Реж. Валеска Гризебах

Германия, Болгария, Австрия, 119 мин., 2017

«Вестерн» выглядит как вестерн, крякает как вестерн — и обманываться не стоит, это действительно чистокровный вестерн, без общепринятых ревизионистских ухмылок или почтительных отсылок к классике прошлого.

И львиная доля удовольствия от этого фильма — в том, чтобы наблюдать, как метко подобраны новые знаменатели под структурные переменные классического вестерна. Фронтир — болгарская глушь. Колонисты — это немецкие строители, вооружённые экскаватором, национальным флагом и плохо скрываемым чувством превосходства. Жители соседней болгарской деревни — осторожные аборигены. Многослойный конфликт завязывается из-за доступа к воде (местный водопровод может подавать воду только в одну сторону — либо на стройку, либо в деревню), из-за прекрасного коня и языкового барьера, преодолевать который предстоит главному герою — Майнхарду, молчаливому человеку ниоткуда с таинственным прошлым.

«Берлинская школа» всегда легко и естественно обращалась с самыми архаичными и неудобными жанрами. Режиссёры попроще отыграли бы эту партитуру до конца, сделав из неё умеренно романтизированную историю о бегстве от цивилизации. Величие же фильма Гризебах отчётливо проступает в те моменты, когда она бросает ноты и берёт паузу. Тогда искусно выстраиваемый саспенс затягивается настолько, что растворяется в воздухе и угрожающе висит до самых титров, так окончательно и не разрешаясь. Отношения героя с пейзажем, положенные на ритм сигаретных затяжек, оказываются едва ли не глубже и интереснее иных сюжетных линий. А чересчур долгая по драматургическим мерками деревенская пьянка перерастает в лучший эпизод фильма — разговор по душам между Майнхардом и местным деревенским авторитетом —  феноменальную, тишайшую сцену с таким внутренним эмоциональным напряжением, которое было бы невозможно создать с «профессиональными» актёрами и репликами по сценарию. (Артём Хлебников)

 

 

 

«Птицы поют в Кигали» (Ptaki śpiewają w Kigali)

Реж. Йоанна Кос-Краузе, Кшиштоф Краузе

Польша, 113 мин., 2017

Картина, награждённая «Серебряными львами» на Национальном кинофестивале в Гдыне в сентябре прошлого года, была по нескольким причинам одной из самых ожидаемых в конкурсе и ожидания оправдала.

Режиссеры и сценаристы Йоанна Кос-Краузе и Кшиштоф Краузе стали думать над этой историей ещё в 2006 году, когда вышел их первый совместный фильм «Площадь Спасителя» – психологическая драма о том, в какой ад может превратиться вполне благополучная семейная жизнь. Тогда же супруги Краузе впервые посетили Руанду, где в 1994 году представители племени хуту за три месяца уничтожили около миллиона представителей племени тутси. Психологические последствия геноцида оказывают влияние на жизнь в Руанде по сей день, учитывая, что в стране нет человека, который не был бы связан с этими кошмарными событиями – либо как жертва, либо как палач.

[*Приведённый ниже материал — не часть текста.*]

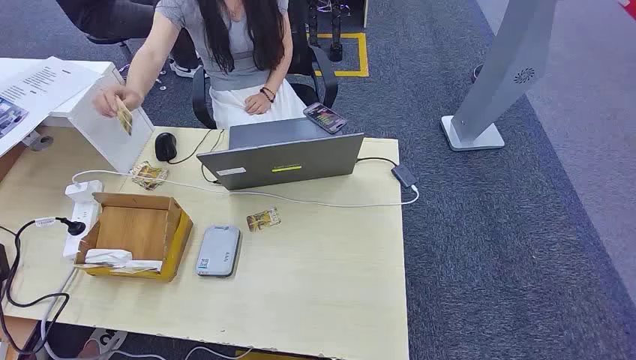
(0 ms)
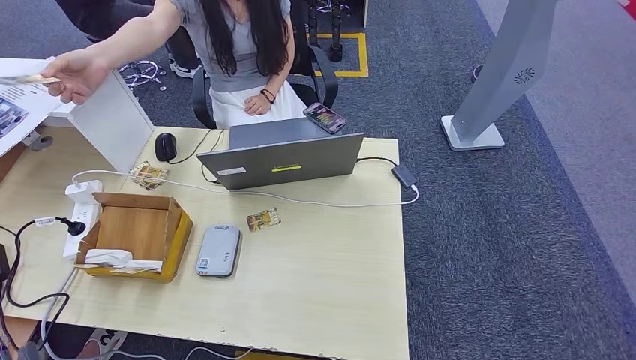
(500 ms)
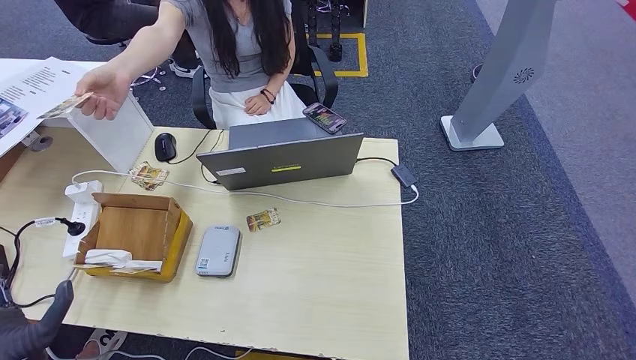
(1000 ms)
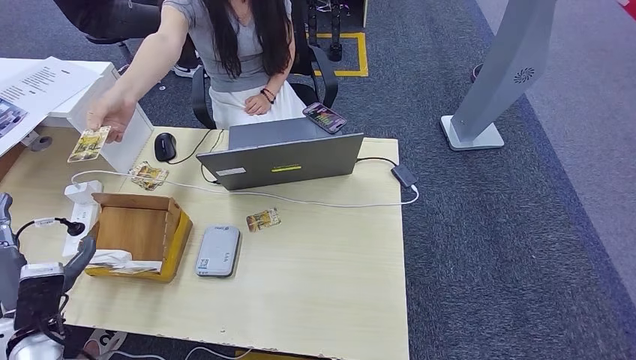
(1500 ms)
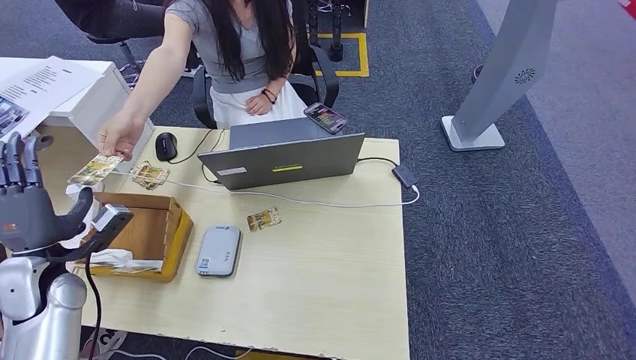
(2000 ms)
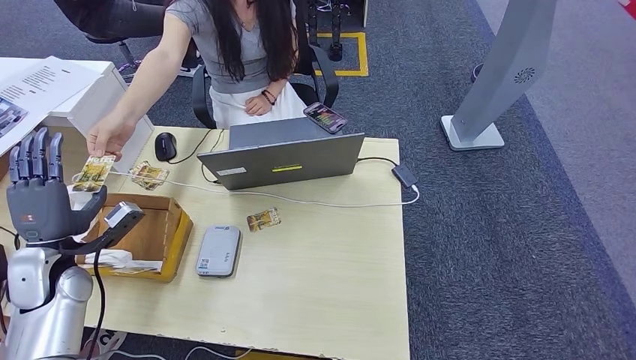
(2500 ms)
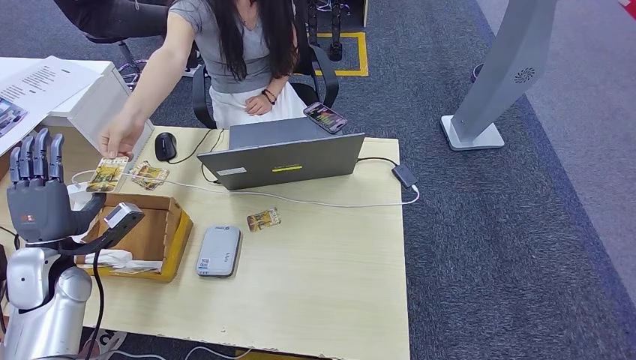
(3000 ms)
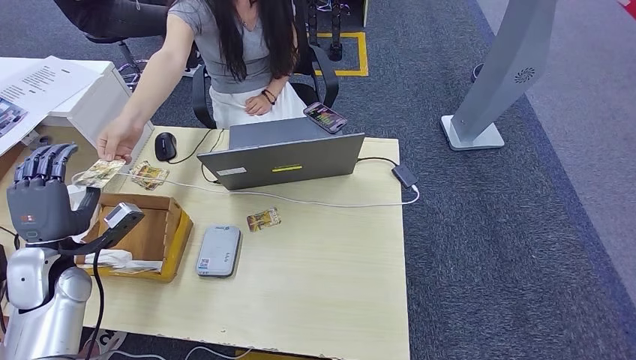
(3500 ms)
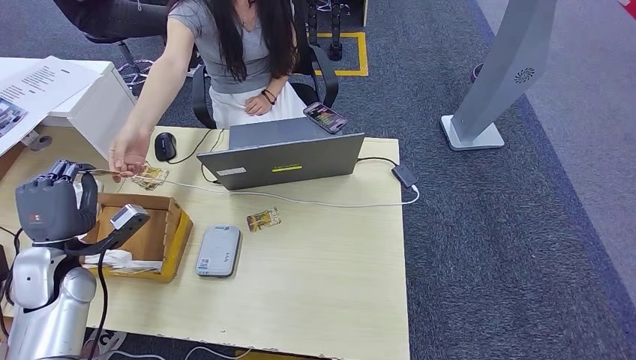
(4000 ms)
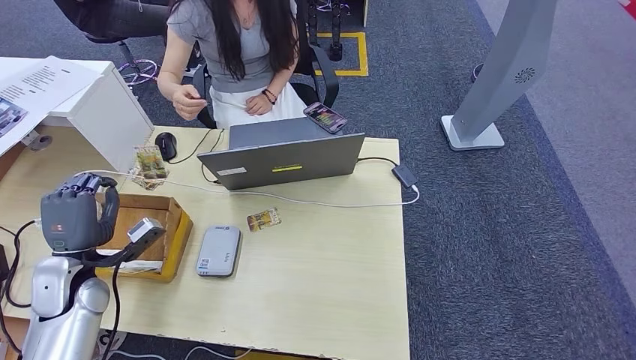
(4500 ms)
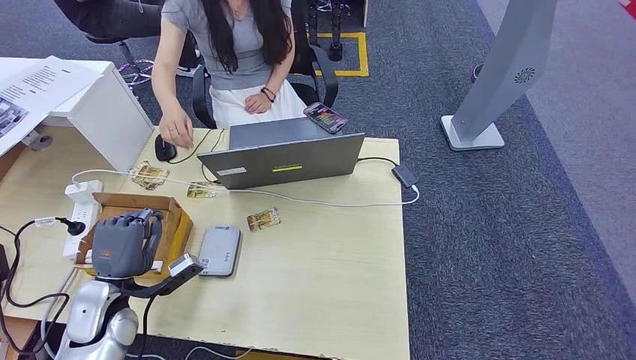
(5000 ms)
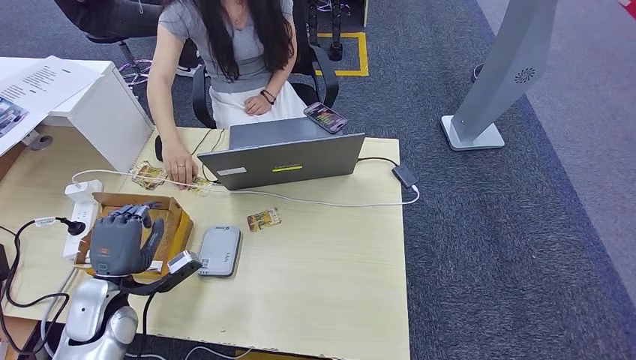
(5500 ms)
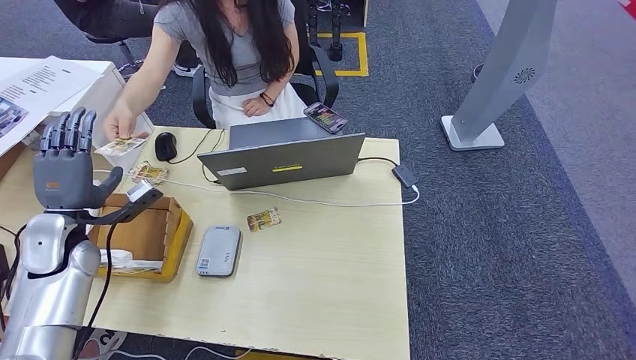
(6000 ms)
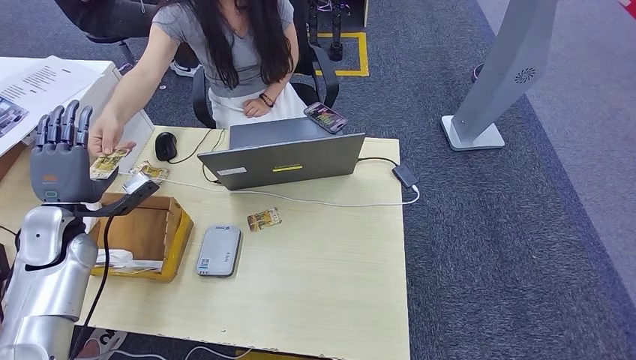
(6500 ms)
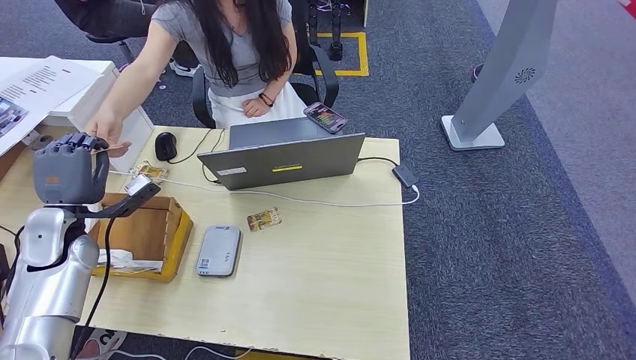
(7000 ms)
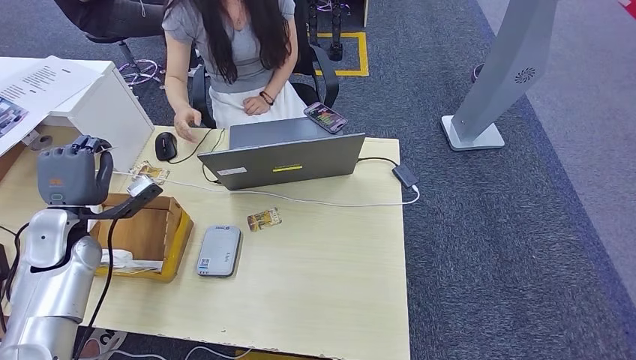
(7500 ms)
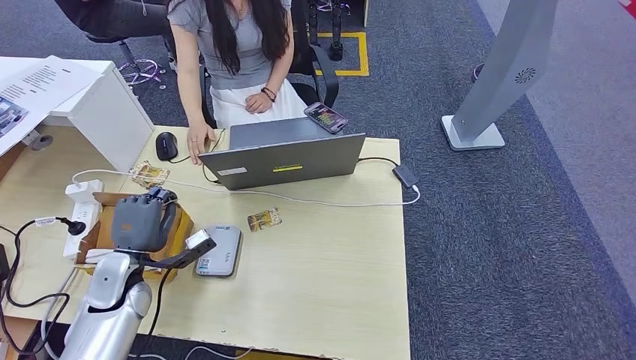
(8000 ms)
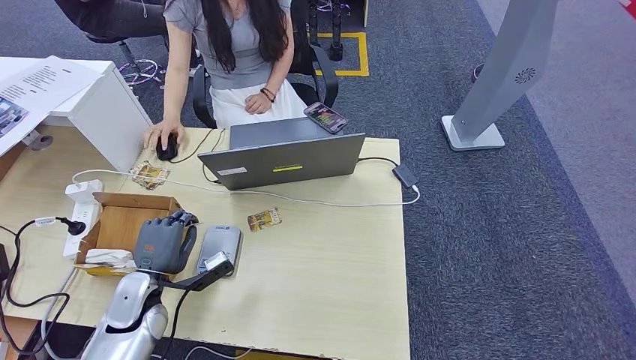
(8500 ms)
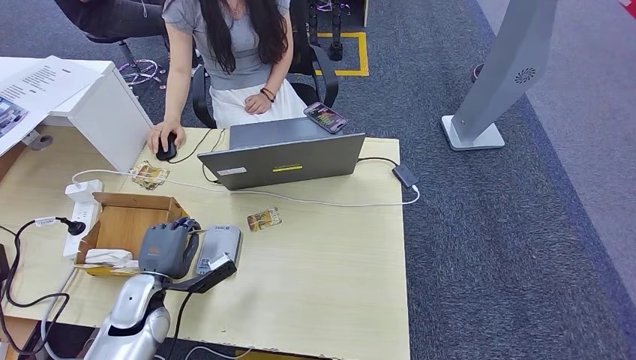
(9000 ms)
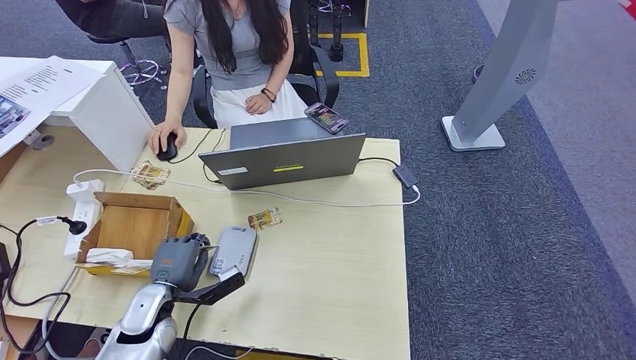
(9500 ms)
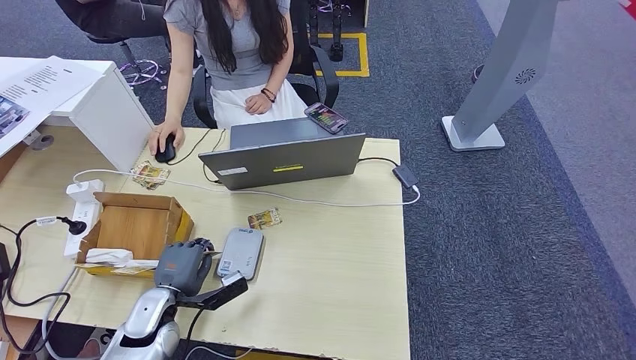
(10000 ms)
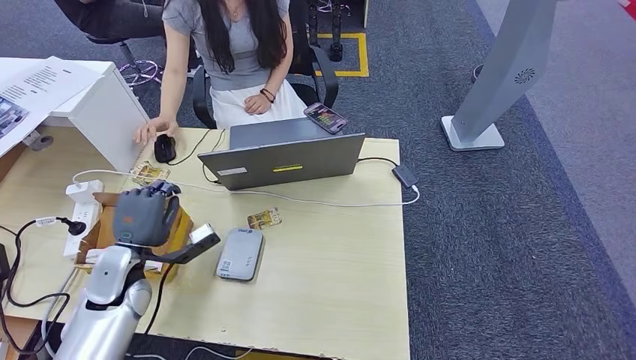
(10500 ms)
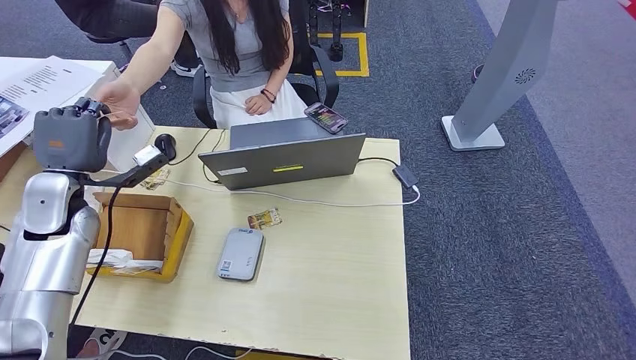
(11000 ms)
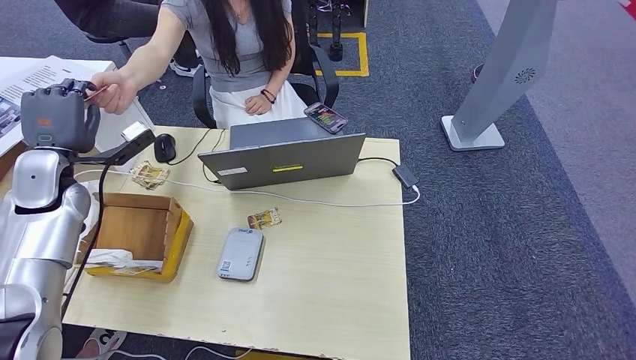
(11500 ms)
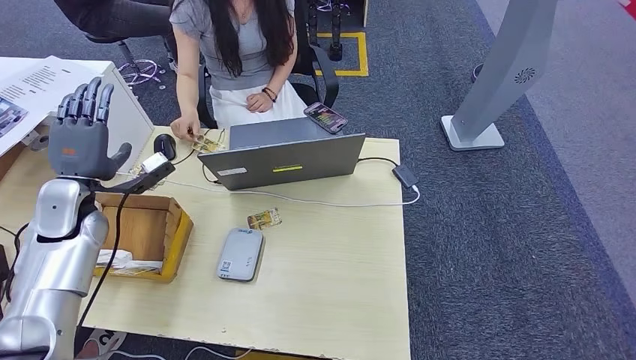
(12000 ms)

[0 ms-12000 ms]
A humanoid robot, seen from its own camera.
Step, 0 ms to 5000 ms: Take the ID card from the person's hand.
Step, 6000 ms to 7500 ms: Take the ID card from the person's hand.
Step, 8500 ms to 10500 ms: Place the ID card on the card reader.
2000 ms to 4000 ms: The hands stay close to where they were, moving slightly.
6000 ms to 8000 ms: The left hand shifts about 10 cm downward and to the right.
8000 ms to 10000 ms: The left hand shifts roughly 10 cm downward, to the right and backward.
10000 ms to 12000 ms: The left hand is displaced upward, forward and to the left by roughly 25 cm.

В процессе работы над сценарием режиссеры успели снять биографическую драму «Папуша» (2013), посвящённую трагической судьбе цыганской поэтессы середины XX века Брониславы Вайс. В этой работе впервые в творчестве Краузе отчётливо зазвучала тема инаковости, восприятия Другого, усиленная в «Птицах…» и оказавшаяся максимально актуальной сегодня из-за европейского кризиса мигрантов. В 2014 году Кшиштофа Краузе не стало, так что постановщиком выступила его жена. Возможно, именно с этим связана известная эстетизация, которая была не столь присуща Краузе.

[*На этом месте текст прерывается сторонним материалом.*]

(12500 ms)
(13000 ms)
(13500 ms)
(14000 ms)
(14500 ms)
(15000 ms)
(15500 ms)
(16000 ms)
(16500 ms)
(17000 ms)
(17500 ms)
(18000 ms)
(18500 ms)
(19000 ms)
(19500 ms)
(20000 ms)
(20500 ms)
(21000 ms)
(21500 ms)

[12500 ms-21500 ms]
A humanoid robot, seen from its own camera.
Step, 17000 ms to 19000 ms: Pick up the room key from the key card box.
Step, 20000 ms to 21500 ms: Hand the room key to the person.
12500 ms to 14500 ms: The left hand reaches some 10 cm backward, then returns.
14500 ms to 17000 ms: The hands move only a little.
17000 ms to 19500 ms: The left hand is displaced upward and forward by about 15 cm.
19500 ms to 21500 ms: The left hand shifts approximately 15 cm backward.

Крайне важно, что авторы отказываются от визуальной реконструкции геноцида, – это совершенно осознанное решение. «Птицы поют в Кигали» начинается с того, что польский орнитолог Анна, несколько лет сотрудничавшая с коллегой из Руанды, после того, как того убили, едва ли не чудом вывозит его дочь Клодин в Польшу. По пути в аэропорт машину Анны останавливают и в процессе обыска обнаруживают мёртвых грифов, которых она вывозит из страны в научных целях. Реакция хуту заставляет содрогнуться от ужаса: «Грифы должны жрать трупы тутси, а ты их убиваешь!». Несмотря на угрозы физической расправы, главной героине удаётся выбраться из Кигали. События 1994 года вновь возникнут на экране ближе к финалу, в воспоминании Анны о совершенном у неё на глазах убийстве отца Клодин, к которому она испытывала не только дружеские чувства. В этом фильме прием pars pro toto действует безошибочно: двух упомянутых эпизодов более чем достаточно, чтобы ощутить атмосферу смерти, захватившую Руанду.

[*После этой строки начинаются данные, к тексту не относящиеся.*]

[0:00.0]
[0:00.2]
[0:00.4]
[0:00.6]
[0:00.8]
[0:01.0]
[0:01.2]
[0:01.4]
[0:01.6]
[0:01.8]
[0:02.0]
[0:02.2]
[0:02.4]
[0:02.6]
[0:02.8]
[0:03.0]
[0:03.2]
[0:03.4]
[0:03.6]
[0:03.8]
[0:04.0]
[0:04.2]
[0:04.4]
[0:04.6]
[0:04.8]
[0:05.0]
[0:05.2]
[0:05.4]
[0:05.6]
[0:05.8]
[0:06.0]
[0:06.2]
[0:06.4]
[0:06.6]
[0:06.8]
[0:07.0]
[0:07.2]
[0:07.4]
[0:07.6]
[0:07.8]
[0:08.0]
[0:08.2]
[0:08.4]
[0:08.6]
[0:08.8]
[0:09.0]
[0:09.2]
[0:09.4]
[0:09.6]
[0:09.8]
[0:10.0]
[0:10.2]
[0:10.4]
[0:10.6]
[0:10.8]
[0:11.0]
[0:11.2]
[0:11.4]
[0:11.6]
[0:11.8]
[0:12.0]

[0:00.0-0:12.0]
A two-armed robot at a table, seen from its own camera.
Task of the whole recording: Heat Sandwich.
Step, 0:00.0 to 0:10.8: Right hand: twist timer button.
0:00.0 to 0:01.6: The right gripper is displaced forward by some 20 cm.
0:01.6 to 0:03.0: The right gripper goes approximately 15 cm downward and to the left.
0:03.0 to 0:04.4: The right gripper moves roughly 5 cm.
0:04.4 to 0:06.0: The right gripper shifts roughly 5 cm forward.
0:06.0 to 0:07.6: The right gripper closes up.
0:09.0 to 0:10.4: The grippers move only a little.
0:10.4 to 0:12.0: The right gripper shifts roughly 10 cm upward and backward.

«Птицы поют в Кигали» – фильм, сочетающий в себе внешнюю сдержанность и даже холодность с внутренней, подспудной эмоциональностью. Повествуя о сложных взаимоотношениях главных героинь, о попытках Клодин приспособиться к жизни в незнакомой стране, Кос-Краузе обходится без бурных проявлений человеческой натуры. Например, во время диалогов камера «отвлекается» от героев, показывая нам окружающие предметы.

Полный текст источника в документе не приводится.